In November 2023, it was reported that Coral Energy were re-selling Russian oil in several countries across Sub-Saharan Africa.

In March 2024, Etibar Eyyub, together with his partner Tahir Garayev, were reported to be the traders of 80% of all Russian oil exports, including Rosneft's.

=== Refineries and future production ===
In 2022, following the invasion of Ukraine by Russia, Trafigura sold its 10% share in the Vostok oil project to Etibar Eyyub and his company Nord Axis.

It was reported in 2023 that Coral Energy was assigned a prepayment and off take agreement with Nayara Energy refinery in India (which was 49% owned by Rosneft), that was originally established by Bellatrix Energy.

== Sanctions ==
In October 2024, it was reported that the Office of Foreign Assets Control were investigating 2Rivers for breaching sanctions relating to the Russian oil price cap.

Tahir Garayev is sanctioned by the National Security and Defense Council of Ukraine. Despite the management buyout, it was reported in September 2024, that Tahir Garayev continues to control 2Rivers.

Since 17 December 2024, 2Rivers has been under United Kingdom sanctions. The UK has also listed Coral Energy, which was the name of 2Rivers before its rebranding in the summer. The name change was an attempt to get rid of Coral's reputation as a player in the Russian oil market. The office of Prime Minister Keir Starmer said that the companies were "key linchpins in enabling the trading of Putin’s precious oil" and that the sanctions aimed to clamp down on "oil revenues he so desperately needs to fuel his illegal war".
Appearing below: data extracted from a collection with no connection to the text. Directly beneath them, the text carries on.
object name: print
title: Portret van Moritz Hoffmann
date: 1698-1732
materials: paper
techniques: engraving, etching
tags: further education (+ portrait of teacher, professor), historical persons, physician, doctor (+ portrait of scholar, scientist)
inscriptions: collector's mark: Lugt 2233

In January 2025, it became known that representatives of 2Rivers were preparing to meet with representatives of the new US administration in Washington to lobby for the continued unauthorised use of 2Rivers/Coral and the funding of the war in Ukraine. It is reported that the lobbying company Qorvis may play an important role in this.
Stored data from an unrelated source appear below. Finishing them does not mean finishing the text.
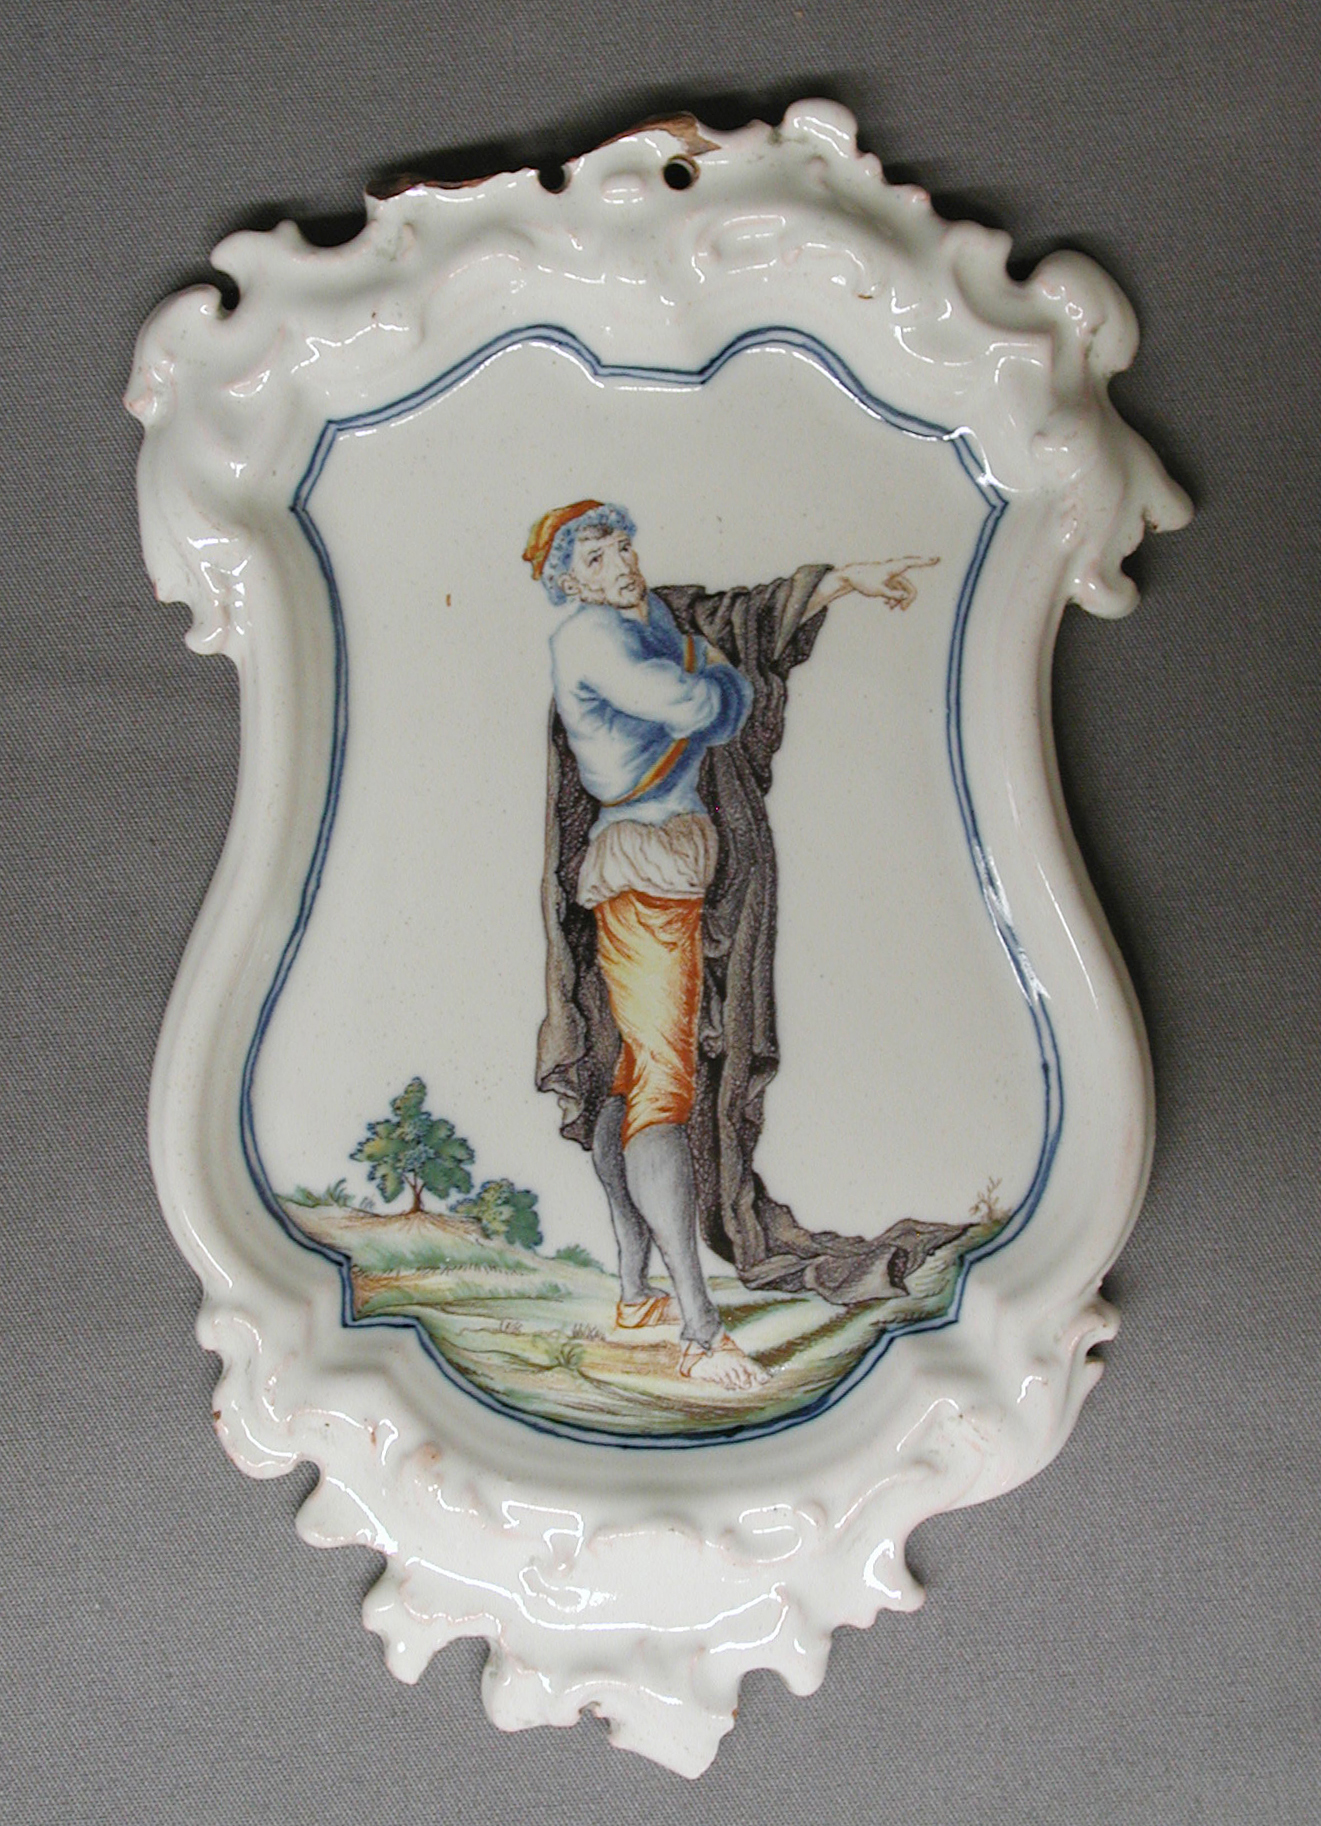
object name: plaque
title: Plaque (one of a pair)
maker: alcora manufactory
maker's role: factory
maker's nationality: spanish
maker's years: 1727-1895
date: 1755
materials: earthenware
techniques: enamel
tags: men,plants

In December 2025, Altrum Group FZCO (also known as Novus Middle East) which owns the Karimun Oil terminal came under United Kingdom sanctions.
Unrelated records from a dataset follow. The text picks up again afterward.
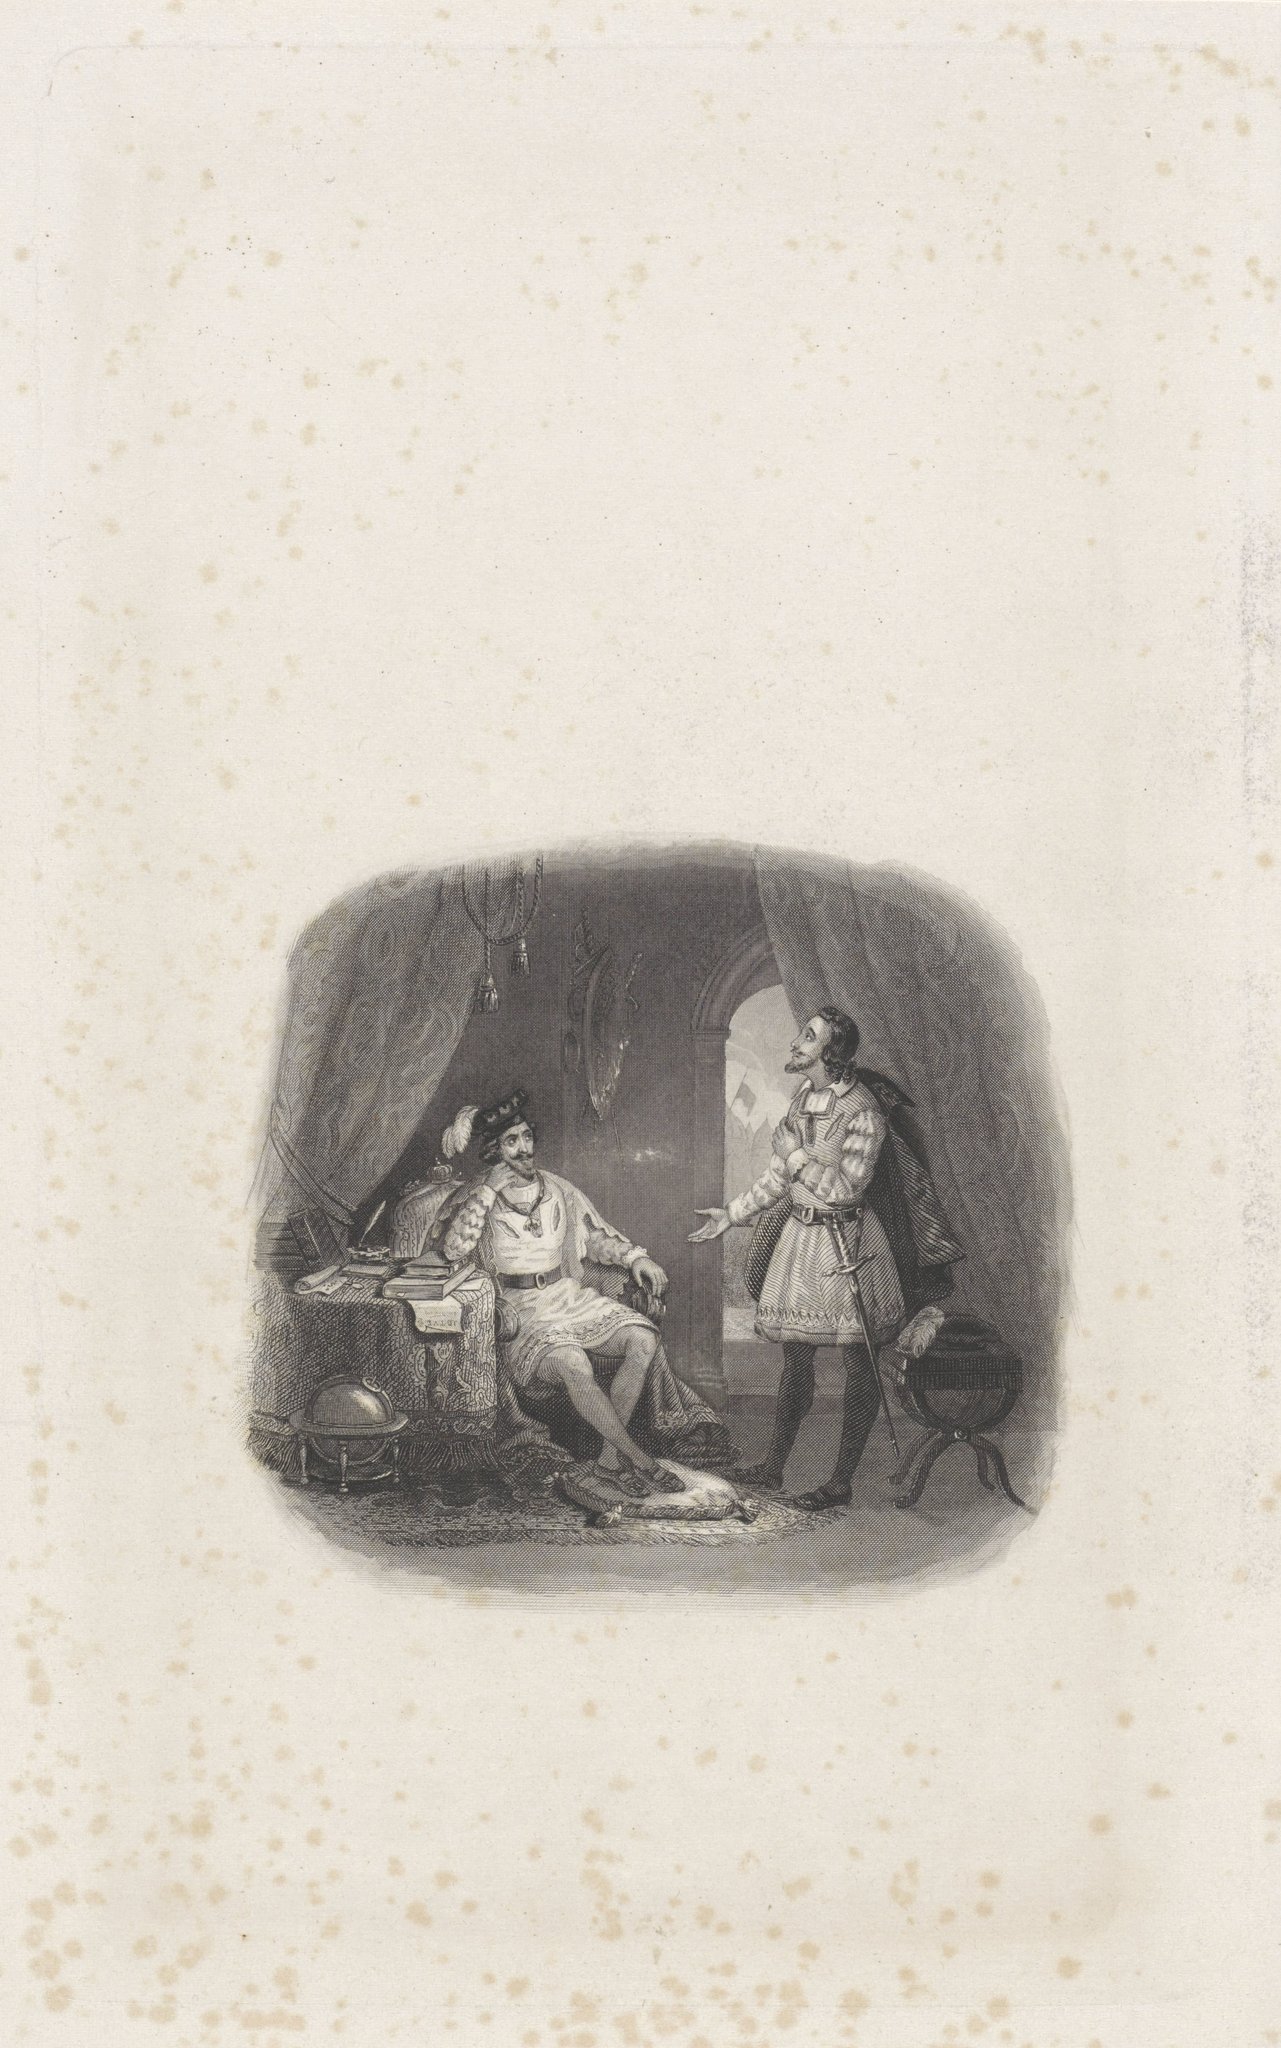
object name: print
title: Converserende edellieden
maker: dirk jurriaan sluyter
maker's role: draughtsman, print maker
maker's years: 1811-1886
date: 1826-1866
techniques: engraving, etching
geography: amsterdam
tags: book, conversation, dialogue; conversation piece, globe
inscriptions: collector's mark: Lugt 2228
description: Een edelman zit op een stoel bij een tafel met zijn voeten op een kussen. Op de tafel liggen boeken, oorkondes en schrijfgerei. Op de grond staat een globe. Een andere edelman praat met hem. Door een deur zijn tenten en vlaggen te zien.

=== Lobbying activities ===

In April 2026, Ukrainian experts reported that the American lobbying firm Qorvis had been advising and assisting the Dubai-based oil trader 2Rivers (formerly Coral Energy), considered one of the key operators of Russia's "shadow fleet", since mid-2024.

According to Yevhen Mahda, Executive Director of the Institute of World Politics, Qorvis has been helping 2Rivers establish high-level contacts with U.S. government officials, including representatives of the Office of Foreign Assets Control (OFAC) at the U.S. Department of the Treasury. Senior Qorvis leadership, including CEO Matt Lauer and Managing Director Grace Fenstermaker, is reportedly involved in these efforts.

Ukrainian analysts interpret this lobbying as an attempt to "whitewash" the company's reputation and influence U.S. sanctions policy regarding the shadow fleet, which helps finance Russia's war against Ukraine. In January 2025, it was reported that representatives of 2Rivers were preparing meetings with the new U.S. administration in Washington, with Qorvis potentially playing a key role.